Der joviale Schwätzer – stellt sich zunächst mit Vor- und Nachnamen vor und philosophiert anschließend noch über das Wetter während er ausgiebig die Hand seines Gegenübers schüttelt. Seinen Monolog führt er während der ersten lockeren Ballwechsel auch fort und kann nur unterbrochen werden, indem man ein paar Angriffsbälle links und rechts neben ihm einschlagen lässt – er muss dann zunächst nämlich den Ball holen. Ob er gewinnt oder verliert, ist ihm offenkundig völlig egal.
Der Griesgram – meist älteren Semesters, bringt kaum die Zähne zum Gruß auseinander. Anscheinend stört ihn dieses Match in seiner gemütlichen Feierabend-Gestaltung – das zahlt er seinem Gegner aber auch heim. Er spielt oftmals Noppen, klar.
Der Unsichere – blickt beim Händeschütteln betreten zu Boden und wäre offenkundig lieber ganz woanders als in dieser Sporthalle. Beim Einspielen übt er schon einmal fleißig das Ballaufheben. Er wird später insgesamt nur acht Punkte machen.
Der arrogante Uninteressierte – unterhält sich parallel noch mit den Zuschauern. Er wird routiniert seinen Stiefel runterspielen und entweder klar gewinnen oder klar verlieren. Die Unterhaltung mit den Zuschauern führt er natürlich auch beim anschließenden Einspielen fort. Den Wechsel von Vor- auf Rückhand muss man ihm nahezu aufzwingen, er ist jedoch immer „bereit, wenn du es bist“. Und ob er die erste Angabe hat oder nicht – nichts könnte ihm gleichgültiger sein.
Der Hektiker – eilt an die Platte, ergreift die ausgestreckte Hand seines Gegners nur für einen Sekundenbruchteil und tut nach dem ersten Konter-Ballwechsel lautstark kund, dass er nun soweit wäre. Psychologische Botschaft: Allzeit bereit, ich mach dich platt! Während des Spiels wird man selber nur selten ruhig und konzentriert an der Platte stehen wenn er aus vollem Lauf seine Angaben macht.

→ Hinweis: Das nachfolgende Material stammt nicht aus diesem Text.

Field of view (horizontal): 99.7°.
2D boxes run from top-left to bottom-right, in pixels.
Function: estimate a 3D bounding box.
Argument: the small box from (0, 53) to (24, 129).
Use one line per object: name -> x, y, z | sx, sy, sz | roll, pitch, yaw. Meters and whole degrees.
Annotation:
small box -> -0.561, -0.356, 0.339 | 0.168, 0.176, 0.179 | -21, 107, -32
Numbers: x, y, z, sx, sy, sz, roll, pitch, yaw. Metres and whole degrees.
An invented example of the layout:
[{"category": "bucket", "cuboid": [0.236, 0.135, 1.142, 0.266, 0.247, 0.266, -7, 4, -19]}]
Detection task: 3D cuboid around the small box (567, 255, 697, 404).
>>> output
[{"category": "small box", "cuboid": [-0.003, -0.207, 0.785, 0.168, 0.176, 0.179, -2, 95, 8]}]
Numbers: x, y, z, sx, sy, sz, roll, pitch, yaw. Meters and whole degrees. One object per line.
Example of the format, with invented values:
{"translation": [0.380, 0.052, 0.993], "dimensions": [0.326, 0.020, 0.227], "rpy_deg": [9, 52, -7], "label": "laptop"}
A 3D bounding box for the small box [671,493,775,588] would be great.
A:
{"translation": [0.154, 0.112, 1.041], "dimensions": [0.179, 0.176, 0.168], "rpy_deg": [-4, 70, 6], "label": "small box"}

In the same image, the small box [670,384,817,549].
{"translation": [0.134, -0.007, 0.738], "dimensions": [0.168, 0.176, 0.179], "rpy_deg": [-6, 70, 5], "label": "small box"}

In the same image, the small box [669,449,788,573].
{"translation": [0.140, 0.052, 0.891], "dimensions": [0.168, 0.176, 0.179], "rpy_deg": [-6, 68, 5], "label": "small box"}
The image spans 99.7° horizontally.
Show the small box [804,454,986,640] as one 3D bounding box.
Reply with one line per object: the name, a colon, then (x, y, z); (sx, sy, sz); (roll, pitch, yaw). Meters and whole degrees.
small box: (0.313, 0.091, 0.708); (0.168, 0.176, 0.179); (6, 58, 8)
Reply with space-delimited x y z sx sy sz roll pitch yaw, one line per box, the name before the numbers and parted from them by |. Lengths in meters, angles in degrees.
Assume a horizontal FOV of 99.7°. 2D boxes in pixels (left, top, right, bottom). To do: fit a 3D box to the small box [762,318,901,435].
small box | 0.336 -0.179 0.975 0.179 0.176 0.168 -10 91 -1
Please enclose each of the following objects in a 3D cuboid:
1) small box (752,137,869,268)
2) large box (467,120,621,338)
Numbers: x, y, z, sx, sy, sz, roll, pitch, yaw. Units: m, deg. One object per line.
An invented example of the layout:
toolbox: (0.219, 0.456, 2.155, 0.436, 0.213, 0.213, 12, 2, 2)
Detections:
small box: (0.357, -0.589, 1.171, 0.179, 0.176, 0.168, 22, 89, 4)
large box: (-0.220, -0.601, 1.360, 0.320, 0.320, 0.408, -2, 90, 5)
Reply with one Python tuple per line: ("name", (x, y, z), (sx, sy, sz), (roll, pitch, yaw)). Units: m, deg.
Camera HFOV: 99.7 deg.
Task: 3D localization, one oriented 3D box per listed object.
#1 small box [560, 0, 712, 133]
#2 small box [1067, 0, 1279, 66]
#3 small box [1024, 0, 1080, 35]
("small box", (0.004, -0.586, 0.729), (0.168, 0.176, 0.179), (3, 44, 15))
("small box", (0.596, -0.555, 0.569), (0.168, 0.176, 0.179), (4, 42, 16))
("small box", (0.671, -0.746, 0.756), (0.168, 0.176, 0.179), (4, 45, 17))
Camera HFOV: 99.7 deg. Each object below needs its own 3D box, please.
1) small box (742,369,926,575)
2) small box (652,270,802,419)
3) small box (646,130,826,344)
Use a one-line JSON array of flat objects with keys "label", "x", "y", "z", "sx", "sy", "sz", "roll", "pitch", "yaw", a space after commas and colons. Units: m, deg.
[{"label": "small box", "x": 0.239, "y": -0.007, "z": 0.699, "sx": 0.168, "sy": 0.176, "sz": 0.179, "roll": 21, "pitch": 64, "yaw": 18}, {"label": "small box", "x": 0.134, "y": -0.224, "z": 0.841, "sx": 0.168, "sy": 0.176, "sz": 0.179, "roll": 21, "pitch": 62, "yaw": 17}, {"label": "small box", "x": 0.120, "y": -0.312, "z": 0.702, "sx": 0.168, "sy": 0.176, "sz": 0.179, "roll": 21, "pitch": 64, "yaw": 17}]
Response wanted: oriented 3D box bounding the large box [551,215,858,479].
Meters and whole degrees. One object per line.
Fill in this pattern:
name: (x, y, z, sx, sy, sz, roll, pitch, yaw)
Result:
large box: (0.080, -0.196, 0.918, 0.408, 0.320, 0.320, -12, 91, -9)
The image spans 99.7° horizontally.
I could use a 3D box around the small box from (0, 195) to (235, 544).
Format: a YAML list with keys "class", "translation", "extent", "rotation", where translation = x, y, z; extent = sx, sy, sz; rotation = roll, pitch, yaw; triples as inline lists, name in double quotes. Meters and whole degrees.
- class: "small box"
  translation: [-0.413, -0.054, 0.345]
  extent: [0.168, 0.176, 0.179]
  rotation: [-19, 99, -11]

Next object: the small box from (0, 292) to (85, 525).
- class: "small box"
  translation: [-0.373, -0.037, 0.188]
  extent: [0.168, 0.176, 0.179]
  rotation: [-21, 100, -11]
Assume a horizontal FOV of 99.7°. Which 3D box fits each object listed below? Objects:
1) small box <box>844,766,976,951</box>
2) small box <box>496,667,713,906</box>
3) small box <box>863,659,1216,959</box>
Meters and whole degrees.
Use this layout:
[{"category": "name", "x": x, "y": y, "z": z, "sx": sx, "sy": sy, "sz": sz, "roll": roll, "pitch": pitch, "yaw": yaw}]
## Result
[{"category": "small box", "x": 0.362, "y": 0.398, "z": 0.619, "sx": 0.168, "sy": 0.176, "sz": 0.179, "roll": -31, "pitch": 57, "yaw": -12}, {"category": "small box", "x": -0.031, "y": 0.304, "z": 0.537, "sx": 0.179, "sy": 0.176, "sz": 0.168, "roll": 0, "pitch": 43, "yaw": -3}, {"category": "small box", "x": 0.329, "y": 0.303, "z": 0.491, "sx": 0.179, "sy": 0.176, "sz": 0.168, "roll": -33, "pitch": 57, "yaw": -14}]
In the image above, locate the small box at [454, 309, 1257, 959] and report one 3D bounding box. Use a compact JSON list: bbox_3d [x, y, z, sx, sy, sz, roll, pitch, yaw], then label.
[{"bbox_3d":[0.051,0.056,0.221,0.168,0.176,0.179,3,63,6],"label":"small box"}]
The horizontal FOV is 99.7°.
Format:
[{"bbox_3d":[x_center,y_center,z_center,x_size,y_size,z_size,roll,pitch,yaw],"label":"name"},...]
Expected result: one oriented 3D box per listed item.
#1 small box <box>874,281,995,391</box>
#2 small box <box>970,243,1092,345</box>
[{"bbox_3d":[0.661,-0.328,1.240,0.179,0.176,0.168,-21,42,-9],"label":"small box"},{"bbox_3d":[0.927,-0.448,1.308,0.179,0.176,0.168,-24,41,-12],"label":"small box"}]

Der Perfektionist – das krasse Gegenteil zum Hektiker. Er beginnt mit einem intensiven Händedruck und legt Wert auf Augenkontakt. Offiziell nur eine Minute Einspielzeit? Pah! Solange er nicht jede seiner 17 verschiedenen Schlagvarianten – erfolgreich – ausprobiert hat, sieht er sich nicht in der Lage, auch nur ansatzweise den ersten Satz zu beginnen. Außerdem ist dem Perfektionisten bei einer Einspielzeit von unter fünf Minuten immer noch kalt – nicht umsonst spricht er daher auch immer vom „Warmspielen“. Finden zwei dieser Experten zusammen, kann es schon einmal vorkommen, dass der Zähler mit einem launigen „Also ich wär dann soweit, Jungs“ die Einspiel-Vorstellung nach einer knappen Viertelstunde beendet. Während des Spiels hält der Perfektionist dann einige Male kurz inne, um per Trockenübung nochmal seinen Topspin-Schlag technisch sauber durchzugehen bevor es weitergehen kann.
Der Noppen-Spezialist – verwendet beim Einspielen entweder auf Vor- und Rückhand nur seine glatte Schlägerseite. Dann kann man zwar minutenlang ganz nett hin und her kontern, doch im Spiel kommen diese Schläge natürlich nie wieder zum Einsatz. Oder aber der Noppen-Mann gibt von Anfang an alles, was er hat. In diesem Fall kann man sich zwar bereits mit den erstaunlichen Flugeigenschaften seiner Bälle bekannt machen, an ein Einspielen im klassischen Sinne ist aber nicht zu denken. Wenigstens muss man so nicht erst bei einem 0:2-Satzrückstand feststellen, dass der Gegner vermutlich lange Noppen spielt.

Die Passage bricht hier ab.